Download or read book Deep Learning Applications in Medical Imaging written by Saxena, Sanjay and published by IGI Global. This book was released on 2020-10-16 with total page 274 pages. Available in PDF, EPUB and Kindle. Book excerpt: Before the modern age of medicine, the chance of surviving a terminal disease such as cancer was minimal at best. After embracing the age of computer-aided medical analysis technologies, however, detecting and preventing individuals from contracting a variety of life-threatening diseases has led to a greater survival percentage and increased the development of algorithmic technologies in healthcare. Deep Learning Applications in Medical Imaging is a pivotal reference source that provides vital research on the application of generating pictorial depictions of the interior of a body for medical intervention and clinical analysis. While highlighting topics such as artificial neural networks, disease prediction, and healthcare analysis, this publication explores image acquisition and pattern recognition as well as the methods of treatment and care. This book is ideally designed for diagnosticians, medical imaging specialists, healthcare professionals, physicians, medical researchers, academicians, and students.

Book Learning Abdominal Imaging

    Book Details:
  • Author : Antonio Luna
  • Publisher : Springer Science & Business Media
  • Release : 2012-03-23
  • ISBN : 354088002X
  • Pages : 267 pages

Download or read book Learning Abdominal Imaging written by Antonio Luna and published by Springer Science & Business Media.

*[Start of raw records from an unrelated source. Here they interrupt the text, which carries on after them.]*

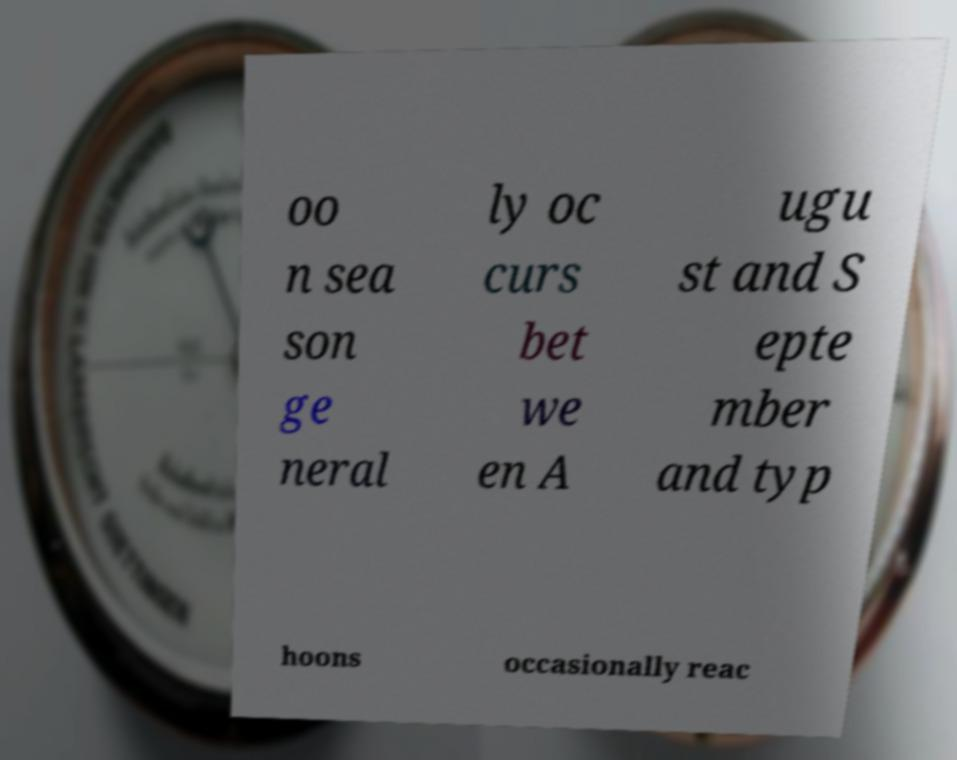Could you extract and type out the text from this image? oo n sea son ge neral ly oc curs bet we en A ugu st and S epte mber and typ hoons occasionally reac 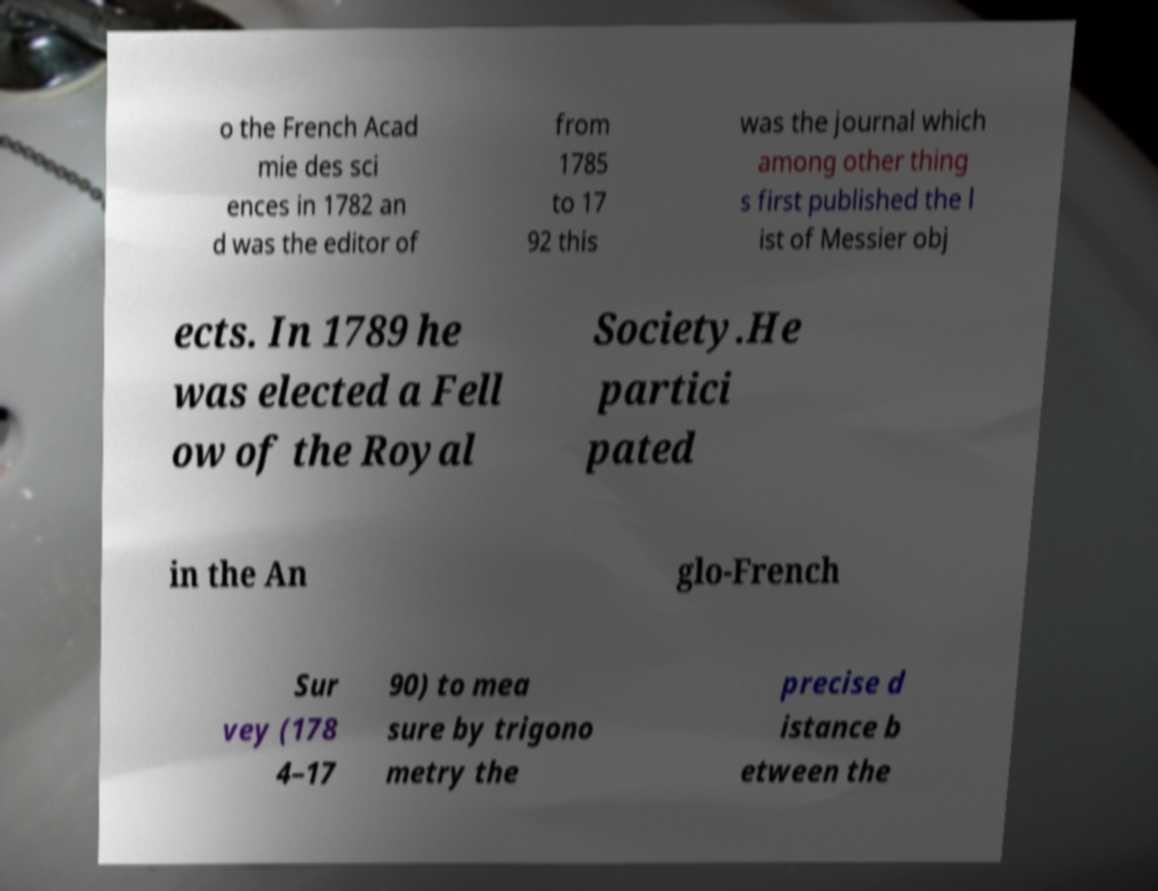For documentation purposes, I need the text within this image transcribed. Could you provide that? o the French Acad mie des sci ences in 1782 an d was the editor of from 1785 to 17 92 this was the journal which among other thing s first published the l ist of Messier obj ects. In 1789 he was elected a Fell ow of the Royal Society.He partici pated in the An glo-French Sur vey (178 4–17 90) to mea sure by trigono metry the precise d istance b etween the 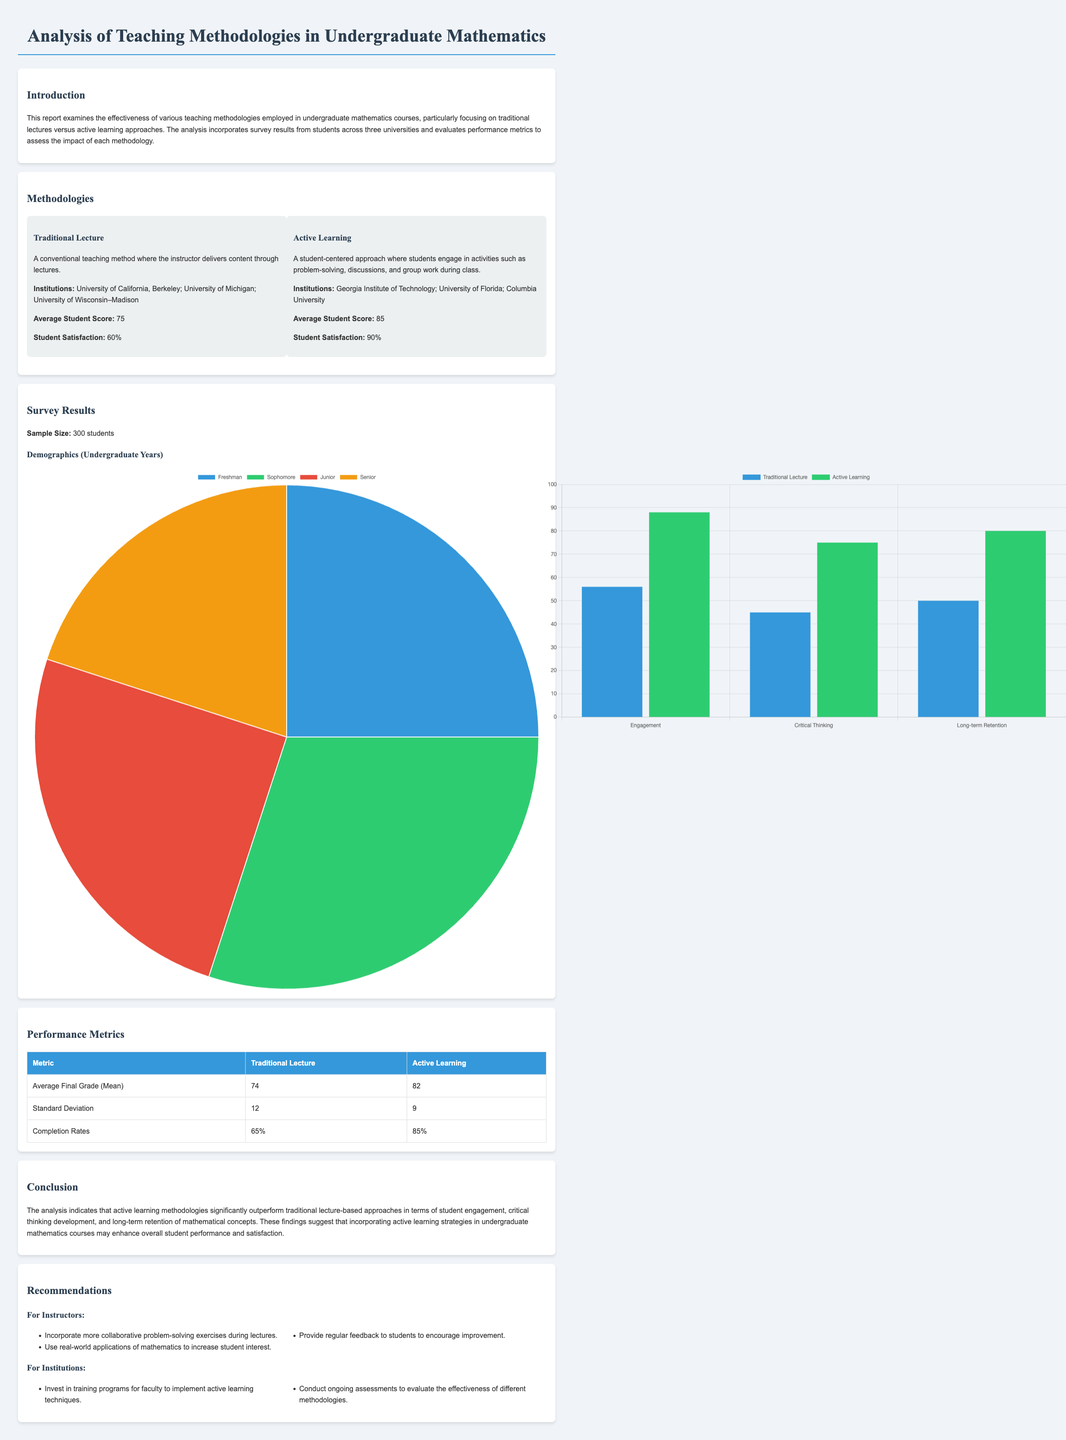What is the average student score for Traditional Lecture? The average student score for Traditional Lecture is explicitly mentioned in the document as 75.
Answer: 75 What is the student satisfaction percentage for Active Learning? The student satisfaction for Active Learning is presented in the document as 90%.
Answer: 90% How many students were surveyed in total? The document states a sample size of 300 students who participated in the survey.
Answer: 300 What was the average final grade for Active Learning? According to the performance metrics table, the average final grade for Active Learning is listed as 82.
Answer: 82 What percentage of students completed the course under Traditional Lecture? The document provides the completion rate for Traditional Lecture as 65%.
Answer: 65% Which teaching methodology had a higher average student score? By comparing the average scores in the document, Active Learning has a higher average student score of 85 compared to Traditional Lecture.
Answer: Active Learning What is one recommendation for instructors mentioned in the report? The report lists several recommendations for instructors, such as incorporating more collaborative problem-solving exercises during lectures.
Answer: Collaborative problem-solving exercises What is the standard deviation for Active Learning? The performance metrics indicate that the standard deviation for Active Learning is 9.
Answer: 9 Which institution is associated with Traditional Lecture methodology? Traditional Lecture methodology is associated with institutions like University of California, Berkeley.
Answer: University of California, Berkeley 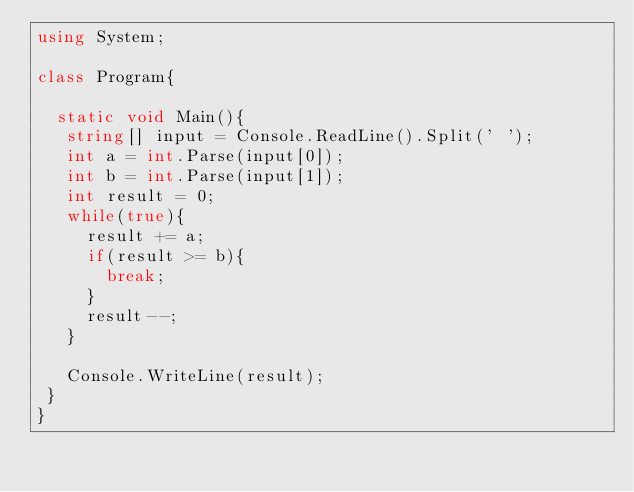<code> <loc_0><loc_0><loc_500><loc_500><_C#_>using System;

class Program{
  
  static void Main(){
   string[] input = Console.ReadLine().Split(' ');
   int a = int.Parse(input[0]);
   int b = int.Parse(input[1]); 
   int result = 0;
   while(true){
     result += a;
     if(result >= b){
       break; 
     }
     result--;
   }

   Console.WriteLine(result);
 }
}</code> 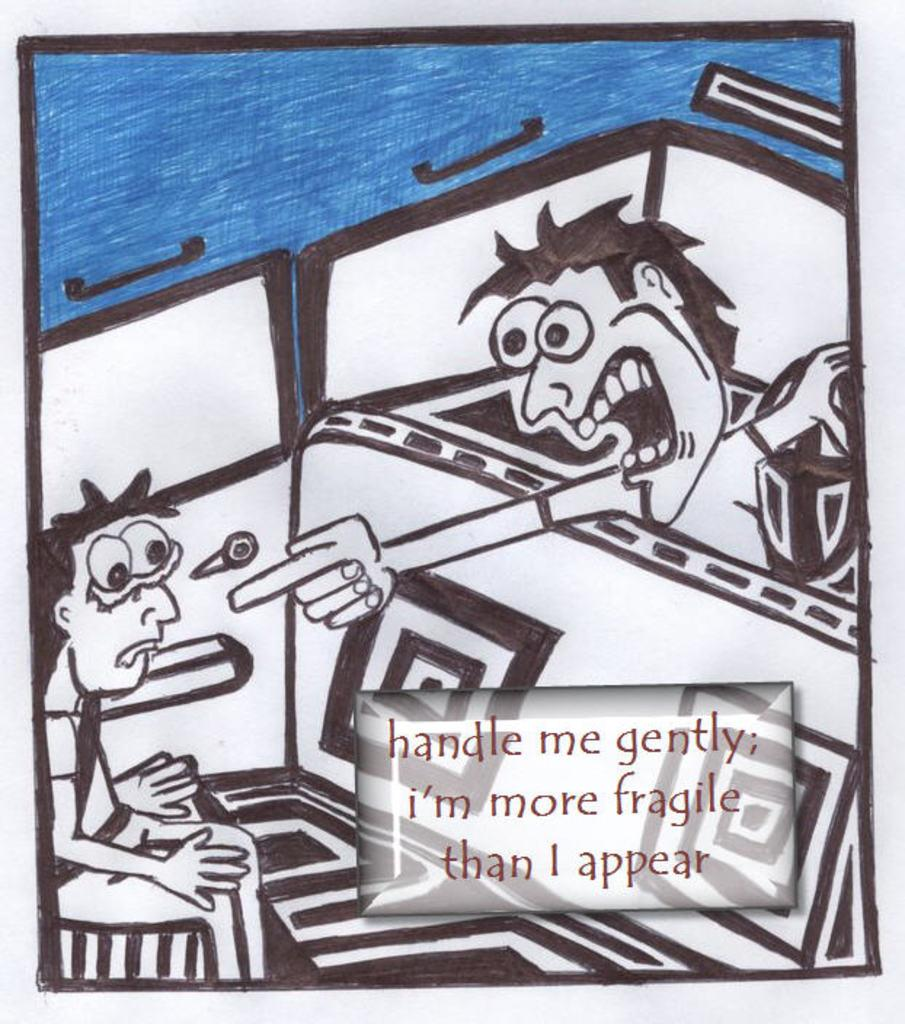<image>
Offer a succinct explanation of the picture presented. A cartoon man scolding another guy and saying he's fragile 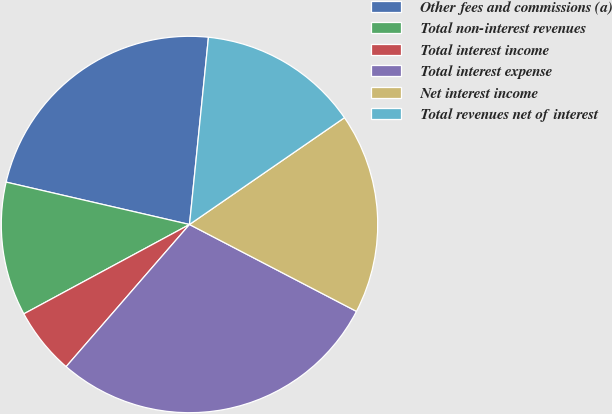Convert chart to OTSL. <chart><loc_0><loc_0><loc_500><loc_500><pie_chart><fcel>Other fees and commissions (a)<fcel>Total non-interest revenues<fcel>Total interest income<fcel>Total interest expense<fcel>Net interest income<fcel>Total revenues net of interest<nl><fcel>22.99%<fcel>11.49%<fcel>5.75%<fcel>28.74%<fcel>17.24%<fcel>13.79%<nl></chart>

This book was released on 2012-03-23 with total page 267 pages. Available in PDF, EPUB and Kindle. Book excerpt: This book is an ideal introduction to the use of radiology in imaging diseases of the liver, gallbladder and biliary system, pancreas, spleen, and gastrointestinal tract. Each of the ten chapters is devoted to a particular organ and contains ten illustrated case reports drawn from clinical practice. Common clinical situations and indications for imaging are reviewed, and clear descriptions are provided of the various imaging techniques that will assist in resolving diagnostic and therapeutic dilemmas. This book is recommended for medical students, residents, and inexperienced abdominal radiologists.